個別に立ち上げたパイロットは、互いに連携しない。AIを拡張するために必要となるデータインフラや統合アーキテクチャも生まれない。結果として、維持コストだけがかかるポートフォリオと、実態の伴わないAI投資の物語が残る。ベンダー側にも新しいパイロットを次々と立ち上げる動機がある。概念実証は限られた環境では印象的な結果を出すが、それが本番環境で機能するかどうかは顧客側の問題だ。契約が取れれば、ベンダーの役割は終わる。
ガバナンスの欠如がCIOの信頼性を損なう
プレッシャーが生む第二の問題は、ガバナンスのないAI意思決定が組織内に広がることだ。取締役会からのAI推進の指令が事業部門に届くと、各部門は独自の判断で動き出す。財務部門がITアーキテクチャの審査を通過していないツールの契約を結ぶ。業務部門が本番データに触れる自動化パイロットを走らせる。マーケティング部門がコンプライアンス審査を受けていない顧客情報で実験する。
いわばAIの速度で拡大するシャドーITだ。通常の大きなソフトウェア投資なら調達審査やアーキテクチャレビューを経るはずが、午後に導入できて数日で結果が出るツールにはそのプロセスが適用されない。IT部門が全体像を把握する頃には、事業部門はすでに「AIは使える」「使えない」という結論を出している——エンタープライズ向けに設計されていないツールをもとに。
小さな失敗が積み重なるうちに、信頼は静かに失われていく。成果の出ないAI投資、後から発覚するガバナンスの問題、ITを避け始めた事業部門——こうしたパターンが積み重なれば、取締役会はいずれ問題を直視する。実験フェーズから価値創出への移行を自らリードし、そのプロセスを積極的に管理しているCIOが、差をつけ始めている。
規律ある実行に必要なもの
概念実証から本番環境へ、AIを移行させることに成功した組織には共通点がある。どこに投資するかについて明示的で文書化された決断を下し、パイロットを追加するプレッシャーが高いときもその方針を守り通したことだ。
具体的には、開始前に一定の基準を満たすイニシアティブだけを選ぶ短いリストを維持する。ワークフローが十分に理解され、変更管理権限を持つビジネスリーダーが担っていること。データがアクセス可能で整備されていること。展開後ではなく前に成功の定義が決まっていること。この基準を満たさない提案はスタートさせない。取締役会が進捗を求め、ベンダーが有利な条件を提示している状況で目に見える活動を控えることは、言うは易く行うは難しだ。

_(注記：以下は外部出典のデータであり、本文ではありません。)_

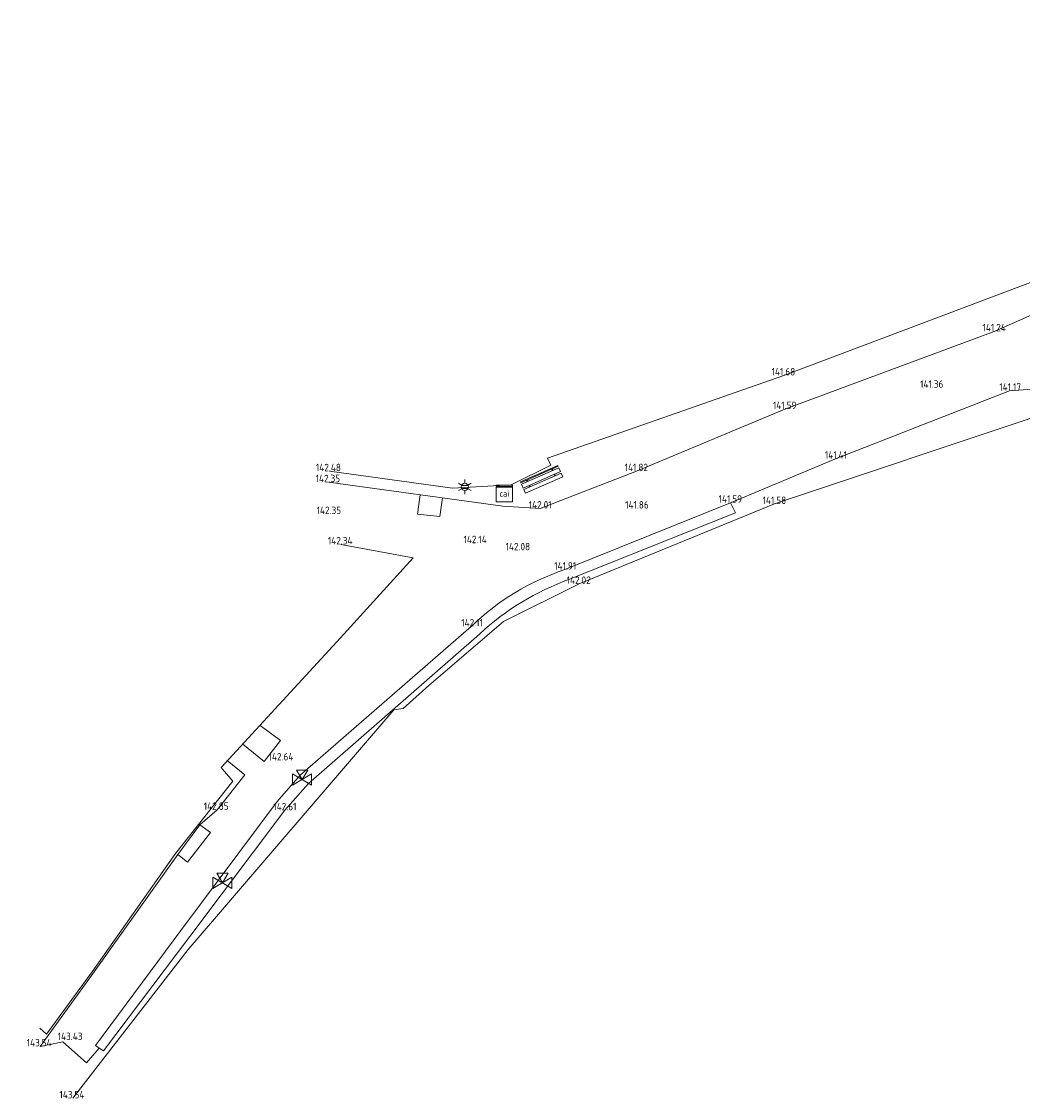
# Model space of a CAD drawing. Header units: metres. Extents: x 191745 to 192298, y 309714 to 309980.
# Tile 1 of 15: x 191745 to 191794, y 309816 to 309868. Entities that reach past the tile are written whole.
import ezdxf
from ezdxf.enums import TextEntityAlignment as Align

# ---------------------------------------------------------------- set-up
doc = ezdxf.new("R2010")
doc.units = ezdxf.units.M
doc.header["$LTSCALE"] = 0.2
doc.layers.get('0').update_dxf_attribs({"color": 252, "lineweight": 13})
for name, color, linetype, lineweight in [('B-ME-IE-MEUBILAIR_WEGMEUBILAIR_LICHTMAST-S', 252, 'Continuous', 13), ('B-ME-IE-MEUBILAIR_WEGMEUBILAIR_ZITBANK-S', 252, 'Continuous', 13), ('B-ME-IE-TERREINAFSCHEIDING_KUNSTMATIG_HEKWERK_RASTER-G', 252, 'IE-TERREINAFSCHEIDING-KUNSTMATIG', 13), ('B-ME-IE-TERREINAFSCHEIDING_KUNSTMATIG_MUUR-G', 252, 'IE-TERREINAFSCHEIDING-KUNSTMATIG-DICHT', 13), ('B-ME-IE-TERREINAFSCHEIDING_NATUURLIJK_HAAG-G', 252, 'IE-TERREINAFSCHEIDING-NATUURLIJK-HAAG', 13), ('B-ME-KL-DATA-S', 252, 'Continuous', 13), ('B-ME-RI-HWA_HULPSTUK-S', 252, 'Continuous', 13), ('B-ME-VH-KANTVERHARDING-G', 252, 'Continuous', 13), ('B-ME-VH-VERHARDING_ASFALT-G', 252, 'Continuous', 13), ('X-XX-AL-MEETPUNT_DATA_HOOGTE-T18', 252, 'Continuous', 13)]:
    doc.layers.add(name, color=color, linetype=linetype, lineweight=lineweight)
doc.styles.add('ISO', font='iso.shx')
doc.styles.add('NLCS-ISO', font='NLCS-ISO.ttf', dxfattribs={"height": 1.8})
doc.styles.add('NLCS-ISO-ANNOTATIVE-T18', font='NLCS-ISO.ttf', dxfattribs={"height": 1.8})
doc.linetypes.add('IE-TERREINAFSCHEIDING-KUNSTMATIG', pattern='A,4,[82,NLCS.SHX,S=0.75,R=90,X=0,Y=0],4,-2', length=10)
doc.linetypes.add('IE-TERREINAFSCHEIDING-KUNSTMATIG-DICHT', pattern='A,8,-1,[82,NLCS.SHX,S=0.75,R=90,X=0,Y=0],-1', length=10)
doc.linetypes.add('IE-TERREINAFSCHEIDING-NATUURLIJK-HAAG', pattern='A,7,-1.5,[67,NLCS.SHX,S=0.75,R=45,X=0,Y=0],-1.5', length=10)

# ---------------------------------------------------------------- blocks, each defined once
blk = doc.blocks.new('SIE-WEG_ZITBANK_MET_LEUNING')
blk.add_hatch(color=256).paths.add_polyline_path([(-0.984, 0.302), (-0.984, 0.253), (0.984, 0.253), (0.984, 0.302)])
for p, q in [((-0.689, 0.253), (-0.689, 0.172)), ((-0.64, 0.253), (-0.64, 0.172)), ((0.64, 0.253), (0.64, 0.172)), ((0.689, 0.253), (0.689, 0.172)), ((-0.689, -0.105), (-0.689, -0.025)), ((-0.64, -0.105), (-0.64, -0.025)), ((0.64, -0.105), (0.64, -0.025)), ((0.689, -0.105), (0.689, -0.025))]:
    blk.add_line(p, q)
at = {"flags": 128}
for points in [[(-0.984, 0.253), (-0.984, 0.302), (0.984, 0.302), (0.984, 0.253)], [(0.984, 0.172), (0.984, -0.025), (-0.984, -0.025), (-0.984, 0.172)], [(-0.984, -0.105), (-0.984, -0.302), (0.984, -0.302), (0.984, -0.105)]]:
    blk.add_lwpolyline(points, close=True, dxfattribs=at)
blk = doc.blocks.new('SKL-DATA_SIGNAAL_CAIKAST-SO')
at = {"color": 0, "linetype": 'ByBlock', "lineweight": 18}
for points in [[(-2, 2), (2, 2), (2, 1.68), (-2, 1.68)], [(-2, 1.52), (2, 1.52), (2, -2), (-2, -2)]]:
    blk.add_lwpolyline(points, close=True, dxfattribs=at)
at = {"color": 0, "linetype": 'ByBlock', "lineweight": 18, "style": 'NLCS-ISO'}
blk.add_text('cai', height=1.5, dxfattribs=at).set_placement((0, 0), align=Align.MIDDLE_CENTER)
blk = doc.blocks.new('B-SIE-WEG_LICHTMAST-SO')
at = {"color": 0, "linetype": 'ByBlock', "lineweight": -2}
for points in [[(-0.76, 0.44), (-1.52, 0.87)], [(-0.8, 0.35), (0.8, 0.35)], [(0, 0.87), (0, 1.75)], [(0.76, 0.44), (1.52, 0.87)], [(-0.76, -0.44), (-1.52, -0.88)], [(-0.8, -0.35), (0.8, -0.35)], [(0, -0.88), (0, -1.75)], [(0.76, -0.44), (1.52, -0.88)]]:
    blk.add_lwpolyline(points, dxfattribs=at)
blk.add_circle((0, 0), 0.875, dxfattribs=at)
at = {"color": 0, "linetype": 'ByBlock', "lineweight": -2, "style": 'NLCS-ISO-ANNOTATIVE-T18'}
blk.add_attdef('SYMBOOL', (2.5, -2.5), '', height=1.8, dxfattribs=at)
blk = doc.blocks.new('SRI-HULP_AFSLUITER_DRIEWEG-SO')
for p, q in [((2.3, 1.37), (-2.3, -1.37)), ((-2.3, 1.37), (2.3, -1.37)), ((2.3, -1.37), (2.3, 1.37))]:
    blk.add_line(p, q)
at = {"ltscale": 0.1}
blk.add_line((-2.3, -1.37), (-2.3, 1.37), dxfattribs=at)
at = {"ltscale": 0.1, "flags": 128}
blk.add_lwpolyline([(0, 0), (-1.37, 2.3), (1.37, 2.3)], close=True, dxfattribs=at)

msp = doc.modelspace()

# ---------------------------------------------------------------- linework, layer by layer
at = {"layer": 'B-ME-IE-TERREINAFSCHEIDING_KUNSTMATIG_HEKWERK_RASTER-G'}
for points in [[(191770.617, 309846.656), (191782.035, 309850.662), (191794.561, 309855.374), (191798.257, 309857.82), (191799.842, 309860.219), (191800.76, 309861.987), (191801.574, 309863.741), (191802.257, 309865.824), (191802.731, 309867.766)], [(191797.21, 309847.412), (191794.423, 309848.738), (191781.598, 309844.449), (191772.154, 309840.588), (191768.5, 309838.778), (191764.882, 309835.671), (191763.65, 309834.564)]]:
    msp.add_lwpolyline(points, dxfattribs=at)
at = {"layer": 'B-ME-IE-TERREINAFSCHEIDING_KUNSTMATIG_MUUR-G'}
msp.add_lwpolyline([(191760.642, 309842.493), (191764.137, 309841.848), (191760.622, 309837.982), (191754.851, 309831.714), (191755.008, 309831.521)], dxfattribs=at)
at = {"layer": 'B-ME-IE-TERREINAFSCHEIDING_NATUURLIJK_HAAG-G'}
for points in [[(191760.082, 309846.033), (191766.033, 309845.218), (191768.866, 309845.377), (191770.775, 309846.33), (191770.617, 309846.656)], [(191763.65, 309834.564), (191763.202, 309834.501), (191753.25, 309822.912), (191747.687, 309815.725)], [(191755.008, 309831.521), (191755.42, 309831.051), (191752.644, 309827.557), (191748.613, 309821.833), (191747.937, 309820.927), (191746.417, 309818.831), (191746.092, 309819.121)]]:
    msp.add_lwpolyline(points, dxfattribs=at)
at = {"layer": 'B-ME-VH-KANTVERHARDING-G'}
msp.add_lwpolyline([(191779.465, 309844.513), (191779.707, 309844.015), (191771.684, 309840.811, 0.102729), (191767.34, 309838.161), (191759.079, 309830.942), (191757.934, 309829.647), (191753.345, 309823.541), (191749.166, 309818.022), (191748.954, 309818.147)], format="xyb", dxfattribs=at)
msp.add_lwpolyline([(191752.759, 309827.513), (191753.82, 309828.95)], dxfattribs=at)
at = {"layer": 'B-ME-VH-VERHARDING_ASFALT-G'}
for points in [[(191760.043, 309845.502), (191768.471, 309844.343), (191770.262, 309844.229), (191774.919, 309846.036), (191782.093, 309849.04), (191792.209, 309852.793), (191796.28, 309854.582), (191800.759, 309857.878), (191802.408, 309860.816), (191804.042, 309865.334), (191807.187, 309864.324), (191806.782, 309861.682), (191807.089, 309860.662)], [(191764.472, 309844.885), (191764.342, 309843.95), (191765.42, 309843.842), (191765.549, 309844.745)], [(191755.897, 309832.847), (191756.93, 309831.998), (191757.713, 309833.023), (191756.733, 309833.743)]]:
    msp.add_lwpolyline(points, dxfattribs=at)
msp.add_lwpolyline([(191795.17, 309850.073), (191792.948, 309849.925), (191784.533, 309846.639), (191779.465, 309844.513), (191771.452, 309841.278, 0.112324), (191766.939, 309838.531), (191758.675, 309831.351), (191757.566, 309830.068), (191752.899, 309823.834), (191748.779, 309818.281), (191748.954, 309818.147), (191748.346, 309817.439), (191747.199, 309818.461), (191746.105, 309818.233), (191748.708, 309821.833), (191752.759, 309827.513), (191753.219, 309827.139), (191754.344, 309828.566), (191753.82, 309828.95), (191754.656, 309829.665), (191755.993, 309831.36), (191755.149, 309832.057)], format="xyb", dxfattribs=at)

# ---------------------------------------------------------------- block references
at = {"layer": 'B-ME-IE-MEUBILAIR_WEGMEUBILAIR_LICHTMAST-S', "xscale": 0.2, "yscale": 0.2, "zscale": 0.2}
msp.add_blockref('B-SIE-WEG_LICHTMAST-SO', (191766.623, 309845.275), dxfattribs=at)
at = {"layer": 'B-ME-IE-MEUBILAIR_WEGMEUBILAIR_ZITBANK-S', "rotation": 23.85138874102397}
msp.add_blockref('SIE-WEG_ZITBANK_MET_LEUNING', (191770.341, 309845.64), dxfattribs=at)
at = {"layer": 'B-ME-KL-DATA-S', "xscale": 0.2, "yscale": 0.2, "zscale": 0.2}
msp.add_blockref('SKL-DATA_SIGNAAL_CAIKAST-SO', (191768.535, 309844.955), dxfattribs=at)
at = {"layer": 'B-ME-RI-HWA_HULPSTUK-S', "xscale": 0.2, "yscale": 0.2, "zscale": 0.2}
for p in [(191758.76, 309831.129), (191754.912, 309826.142)]:
    msp.add_blockref('SRI-HULP_AFSLUITER_DRIEWEG-SO', p, dxfattribs=at)

# ---------------------------------------------------------------- texts
at = {"layer": 'X-XX-AL-MEETPUNT_DATA_HOOGTE-T18', "style": 'ISO'}
for s, p in [('141.24', (191792.767, 309852.793)), ('141.68', (191782.593, 309850.662)), ('141.36', (191789.751, 309850.064)), ('141.17', (191793.506, 309849.925)), ('141.59', (191782.651, 309849.04)), ('141.41', (191785.091, 309846.639)), ('142.48', (191760.64, 309846.033)), ('141.82', (191775.477, 309846.036)), ('142.35', (191760.601, 309845.502)), ('141.59', (191780.023, 309844.513)), ('142.35', (191760.648, 309843.963)), ('142.01', (191770.82, 309844.229)), ('141.86', (191775.514, 309844.227)), ('141.58', (191782.156, 309844.449)), ('142.34', (191761.2, 309842.493)), ('142.14', (191767.688, 309842.555)), ('142.08', (191769.782, 309842.21)), ('141.91', (191772.01, 309841.278)), ('142.02', (191772.712, 309840.588)), ('142.11', (191767.497, 309838.531)), ('142.64', (191758.343, 309832.056)), ('142.85', (191755.214, 309829.665)), ('142.61', (191758.492, 309829.647)), ('143.43', (191748.151, 309818.541)), ('143.54', (191746.663, 309818.233)), ('143.54', (191748.245, 309815.725))]:
    msp.add_text(s, height=0.36, dxfattribs=at).set_placement(p, align=Align.RIGHT)

doc.saveas('drawing.dxf')

内部ケイパビリティの構築も重要だ。ツールは増え続ける。戦略的な問いは、組織がAIを評価・統合・ガバナンスする真のケイパビリティを培っているか、それともベンダー依存に留まるかだ。前者は時間をかけて組織的な優位性を積み上げる。後者は外から見るとケイパビリティのように見えるが、内実は依存だ。
AIリーダーシップを測るたった一つの指標
取締役会向けのプレゼンでは見栄えがよく、業務上の価値はほとんど生まないAIリーダーシップの形がある。パイロットは走り、進捗報告が回る。「実際にビジネスに何をもたらしているのか」という問いは、答えることがナラティブを複雑にするため、問われないままになりがちだ。
AIリーダーシップは最終的に一つのことで測られる。何個のパイロットが、ビジネスの実際の動き方を変えるまで生き残ったか。今構築されているもののほとんどは、そこまで届かないかもしれない。